* **DESCRIPTION OF THE TASK**
Copy out each line below exactly as it appears.

──────── PROVIDED RECORDS

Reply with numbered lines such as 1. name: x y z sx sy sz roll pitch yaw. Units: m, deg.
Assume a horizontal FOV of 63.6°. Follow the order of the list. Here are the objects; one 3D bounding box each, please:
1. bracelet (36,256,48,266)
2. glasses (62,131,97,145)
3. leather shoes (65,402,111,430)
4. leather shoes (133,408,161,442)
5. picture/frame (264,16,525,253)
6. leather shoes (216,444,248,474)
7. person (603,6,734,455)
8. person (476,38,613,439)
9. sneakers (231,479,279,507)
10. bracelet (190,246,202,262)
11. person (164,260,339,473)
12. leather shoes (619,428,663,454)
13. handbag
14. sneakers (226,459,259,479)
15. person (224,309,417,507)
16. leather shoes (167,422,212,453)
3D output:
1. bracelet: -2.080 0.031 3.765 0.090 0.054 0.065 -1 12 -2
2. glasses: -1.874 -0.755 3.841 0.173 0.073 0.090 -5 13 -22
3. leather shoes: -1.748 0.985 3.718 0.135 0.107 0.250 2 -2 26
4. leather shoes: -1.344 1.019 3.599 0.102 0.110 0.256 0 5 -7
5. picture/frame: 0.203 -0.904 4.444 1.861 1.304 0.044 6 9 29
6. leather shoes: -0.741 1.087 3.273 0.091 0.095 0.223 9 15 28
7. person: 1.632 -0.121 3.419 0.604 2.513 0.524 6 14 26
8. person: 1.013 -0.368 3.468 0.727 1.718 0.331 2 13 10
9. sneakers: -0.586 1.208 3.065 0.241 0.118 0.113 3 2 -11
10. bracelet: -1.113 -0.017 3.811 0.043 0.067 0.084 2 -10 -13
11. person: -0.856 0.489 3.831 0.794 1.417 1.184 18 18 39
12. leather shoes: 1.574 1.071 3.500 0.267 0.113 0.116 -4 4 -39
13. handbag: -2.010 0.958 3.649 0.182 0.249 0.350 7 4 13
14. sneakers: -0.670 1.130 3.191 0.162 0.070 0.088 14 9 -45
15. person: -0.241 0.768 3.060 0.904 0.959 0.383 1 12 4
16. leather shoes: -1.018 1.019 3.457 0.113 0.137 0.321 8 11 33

────────────────

* **TASK SOLUTION**
Reply with numbered lines such as 1. name: x y z sx sy sz roll pitch yaw. Units: m, deg.
Assume a horizontal FOV of 63.6°. Follow the order of the list. Here are the objects; one 3D bounding box each, please:
1. bracelet (36,256,48,266)
2. glasses (62,131,97,145)
3. leather shoes (65,402,111,430)
4. leather shoes (133,408,161,442)
5. picture/frame (264,16,525,253)
6. leather shoes (216,444,248,474)
7. person (603,6,734,455)
8. person (476,38,613,439)
9. sneakers (231,479,279,507)
10. bracelet (190,246,202,262)
11. person (164,260,339,473)
12. leather shoes (619,428,663,454)
13. handbag
14. sneakers (226,459,259,479)
15. person (224,309,417,507)
16. leather shoes (167,422,212,453)
3D output:
1. bracelet: -2.080 0.031 3.765 0.090 0.054 0.065 -1 12 -2
2. glasses: -1.874 -0.755 3.841 0.173 0.073 0.090 -5 13 -22
3. leather shoes: -1.748 0.985 3.718 0.135 0.107 0.250 2 -2 26
4. leather shoes: -1.344 1.019 3.599 0.102 0.110 0.256 0 5 -7
5. picture/frame: 0.203 -0.904 4.444 1.861 1.304 0.044 6 9 29
6. leather shoes: -0.741 1.087 3.273 0.091 0.095 0.223 9 15 28
7. person: 1.632 -0.121 3.419 0.604 2.513 0.524 6 14 26
8. person: 1.013 -0.368 3.468 0.727 1.718 0.331 2 13 10
9. sneakers: -0.586 1.208 3.065 0.241 0.118 0.113 3 2 -11
10. bracelet: -1.113 -0.017 3.811 0.043 0.067 0.084 2 -10 -13
11. person: -0.856 0.489 3.831 0.794 1.417 1.184 18 18 39
12. leather shoes: 1.574 1.071 3.500 0.267 0.113 0.116 -4 4 -39
13. handbag: -2.010 0.958 3.649 0.182 0.249 0.350 7 4 13
14. sneakers: -0.670 1.130 3.191 0.162 0.070 0.088 14 9 -45
15. person: -0.241 0.768 3.060 0.904 0.959 0.383 1 12 4
16. leather shoes: -1.018 1.019 3.457 0.113 0.137 0.321 8 11 33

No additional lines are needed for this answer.